"Despite the chaos in the world's economies, lead indicators for the Second Life economy remain strong" said John Zdanowski, financial director of Linden Lab, which set up Second Life in 2003.
"Second Life as a whole has been so far unaffected by the recent turmoil in real world markets," he added in a written response to AFP.
Linden Lab is trying to spin this for sure--why would SL be immune to the largest financial crisis in modern history? Come on, this is virtual reality without logging inworld. While the Linden Dollar has been stable, there is huge pressure on the SL economy. There is pressure coming down on Linden Lab in the form of new competitors. Maybe the impact hasn't hit the grid yet, but like the travel industry, the financial crisis will pull down the SL economy latter this year.
LL is in the bunker (and residents trapped in there with them).
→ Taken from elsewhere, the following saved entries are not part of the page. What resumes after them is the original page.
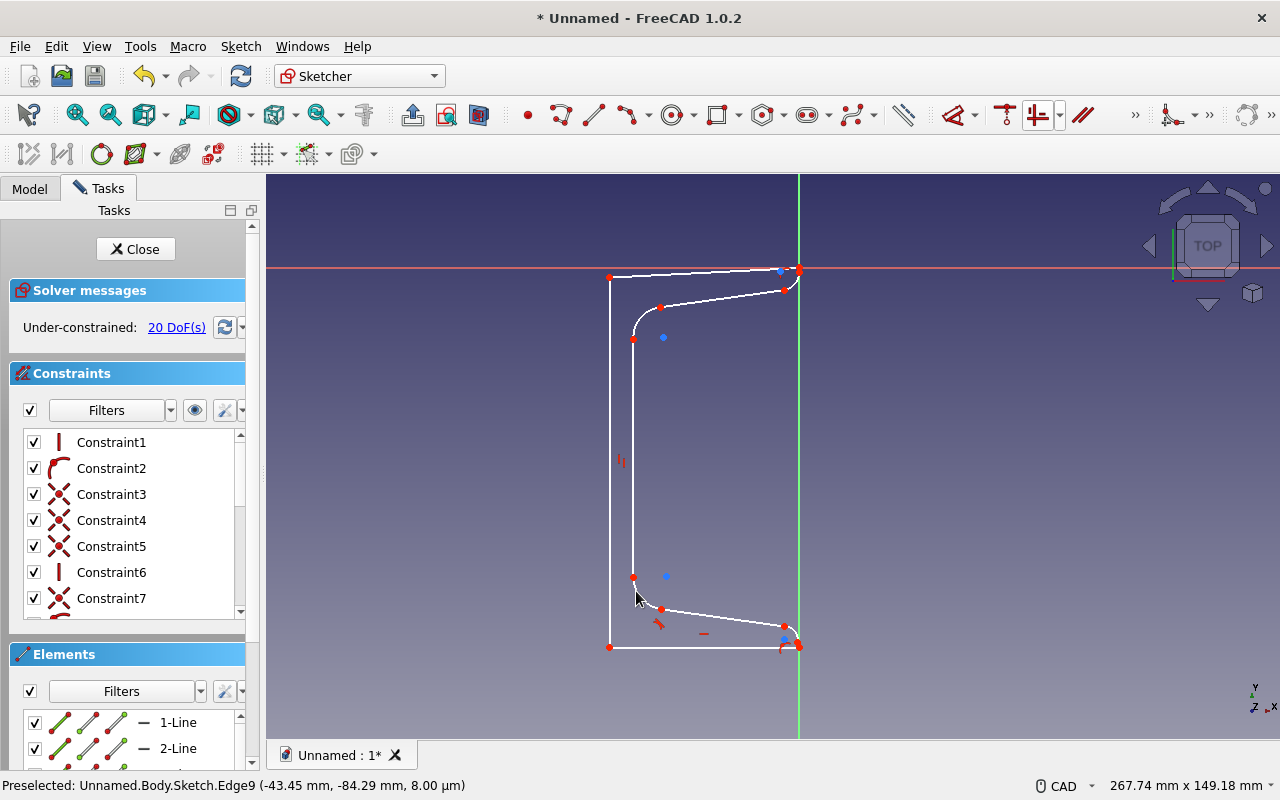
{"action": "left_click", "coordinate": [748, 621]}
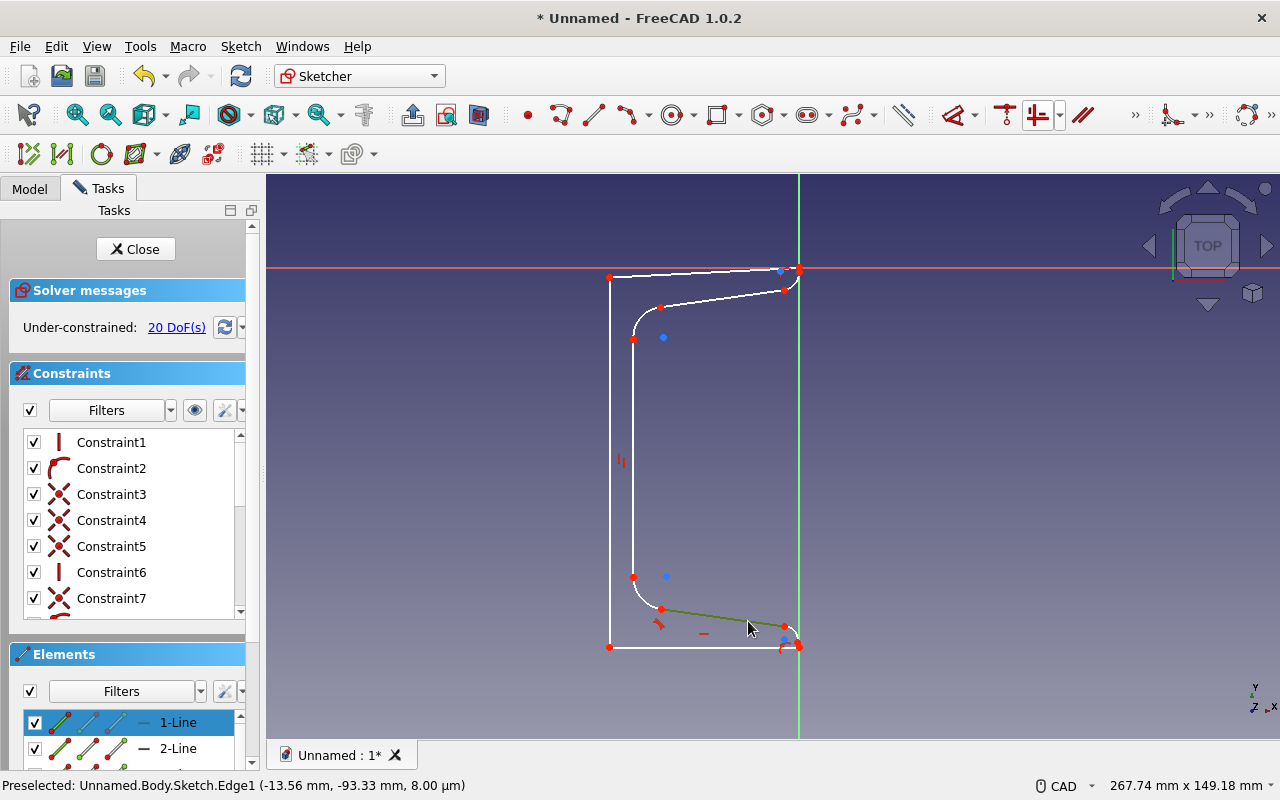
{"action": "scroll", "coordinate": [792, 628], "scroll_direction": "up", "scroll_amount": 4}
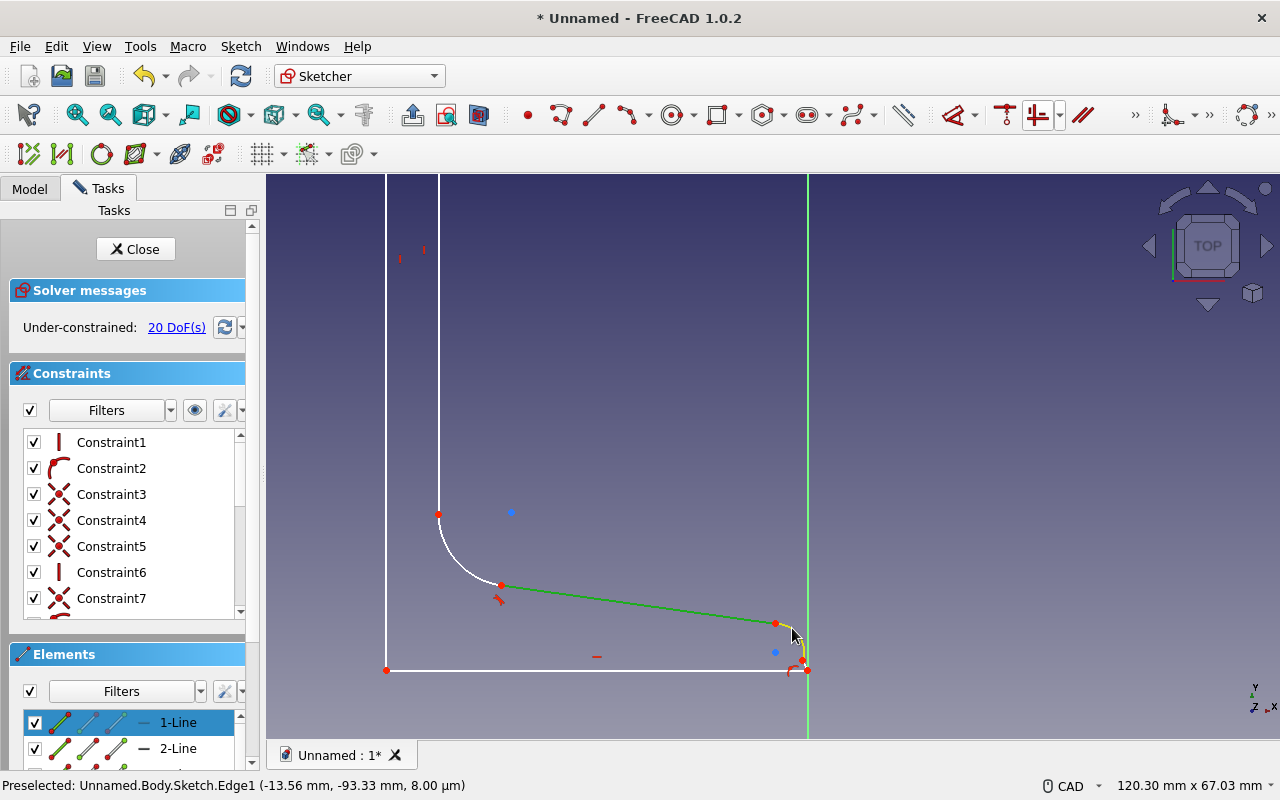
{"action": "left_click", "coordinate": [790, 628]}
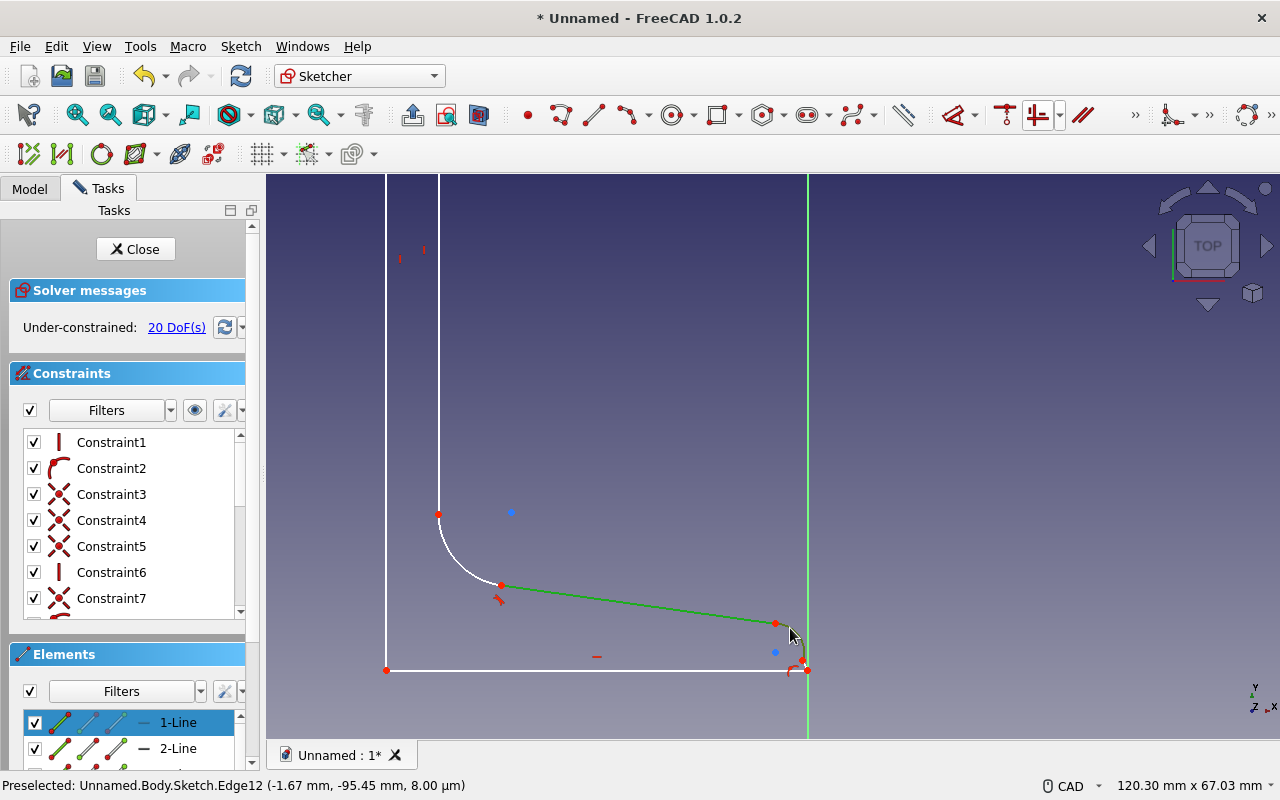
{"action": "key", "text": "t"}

They think they can spin and dodge, when really they should be engaging the core users to work on the future of SL. Zdanowski is probably to busy taking LL profits (rumor is $US hundreds of thousands per week) to the bank these days to realize just how tenuous the SL economy really is (sounds like comments from bank execs before their banks went out of business?) But amazing to see that LL is not learning any lessons from the Global Financial Crisis. Over-inflated land prices? People holding land assets that have fractional value that they think they were worth? Expanded supply of merchandise, but flat demand and downward price?
Maybe the point Zdanowski is making is that Linden Lab is unaffected by the crisis even though the SL users will be?
Big issue is that Linden Lab is not sharing meaningful data about SL economy, users or land growth--so where is the transparency?
from Hamlet at New World Notes:
If I'm right, however, growth in Second Life user numbers won't be significant until the world is beautiful and robust and relatively lag-free and crashes are rare. Or as Vig puts it, "I just can’t see how SL can meaningfully grow until that infrastructure catches up with user demand for satisfying group experiences."